All lines in the records below from the line with "metres per pixel: 3.47" through the line with "longitude: -146.4979" are to be given again exactly, both ends included; the pictures are to be left out.

BEGIN Material for the task

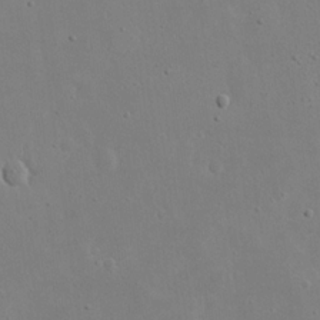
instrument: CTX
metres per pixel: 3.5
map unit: eHh
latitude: 19.5938
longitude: -71.7449
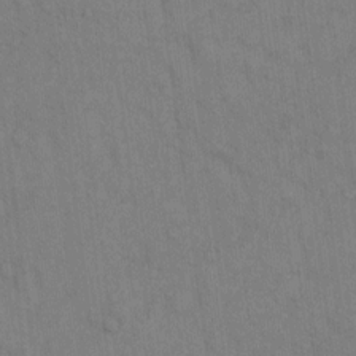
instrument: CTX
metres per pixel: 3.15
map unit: Hto
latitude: 12.7624
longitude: -61.3292
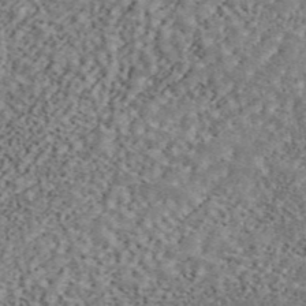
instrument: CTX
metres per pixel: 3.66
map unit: ANa
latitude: 45.4048
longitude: 45.3888
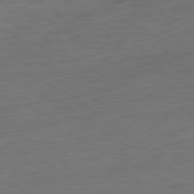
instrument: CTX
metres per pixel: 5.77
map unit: Ap
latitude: -81.4455
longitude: -77.0269
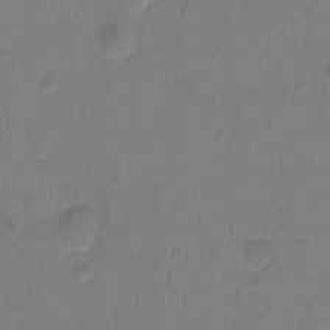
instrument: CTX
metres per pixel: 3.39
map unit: Hto
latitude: -5.8800
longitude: -35.5938
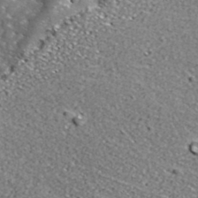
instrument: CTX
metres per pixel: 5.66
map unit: ANa
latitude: 38.8947
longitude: -91.9906
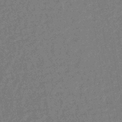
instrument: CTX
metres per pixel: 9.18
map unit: HNhu
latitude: -44.5763
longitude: 99.2565
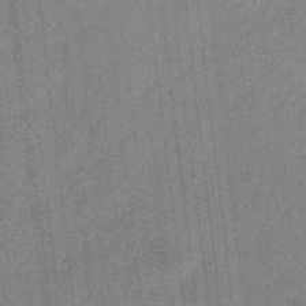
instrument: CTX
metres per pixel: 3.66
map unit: eHb
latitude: -31.0675
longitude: 73.8611
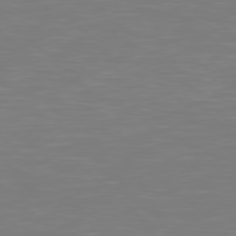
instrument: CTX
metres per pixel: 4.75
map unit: Hpe
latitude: 77.7071
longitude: -163.0459
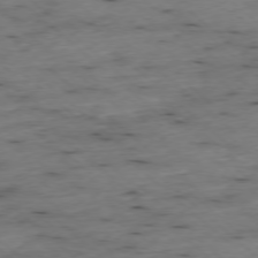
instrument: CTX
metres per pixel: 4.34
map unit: Ap
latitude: -77.5966
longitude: -89.7261
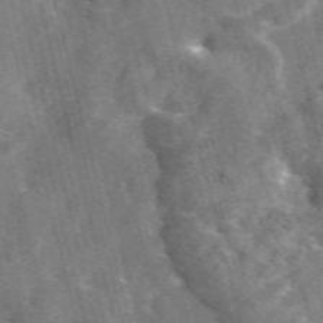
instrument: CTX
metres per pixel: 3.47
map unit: eAb
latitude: 44.8947
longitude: 111.1620
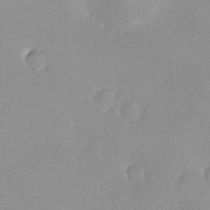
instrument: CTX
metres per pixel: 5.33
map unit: HNhu
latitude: 5.9150
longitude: 7.9178
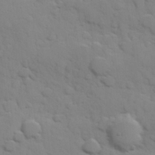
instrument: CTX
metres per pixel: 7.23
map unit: Hve
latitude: 24.1955
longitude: 148.2929
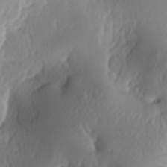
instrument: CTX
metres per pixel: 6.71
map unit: lAa
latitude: -6.2361
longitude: -123.9528
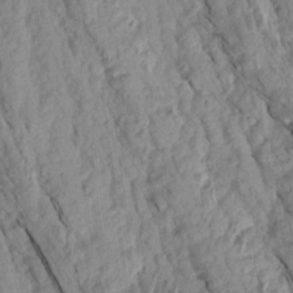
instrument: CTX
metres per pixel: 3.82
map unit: Aa
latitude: 18.0255
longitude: -146.4979
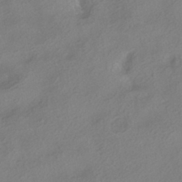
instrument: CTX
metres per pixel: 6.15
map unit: HNhu
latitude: -41.4265
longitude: 103.5210
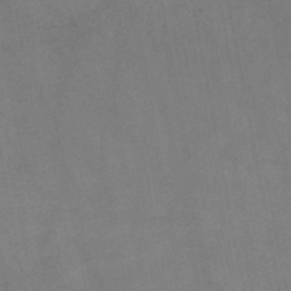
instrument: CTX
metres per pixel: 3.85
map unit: HNb
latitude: -48.1606
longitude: 56.4629
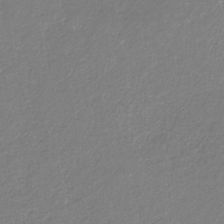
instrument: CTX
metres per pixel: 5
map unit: eHb
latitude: -30.9730
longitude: 66.9164
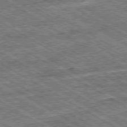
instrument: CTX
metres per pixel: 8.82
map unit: Ap
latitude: -80.0661
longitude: -79.3860
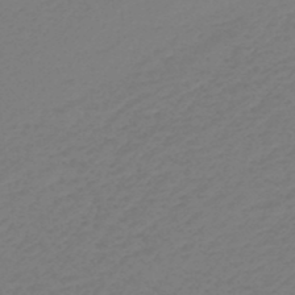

END Material for the task

#### [Task output]
metres per pixel: 3.47
map unit: eAb
latitude: 44.8947
longitude: 111.1620
instrument: CTX
metres per pixel: 5.33
map unit: HNhu
latitude: 5.9150
longitude: 7.9178
instrument: CTX
metres per pixel: 7.23
map unit: Hve
latitude: 24.1955
longitude: 148.2929
instrument: CTX
metres per pixel: 6.71
map unit: lAa
latitude: -6.2361
longitude: -123.9528
instrument: CTX
metres per pixel: 3.82
map unit: Aa
latitude: 18.0255
longitude: -146.4979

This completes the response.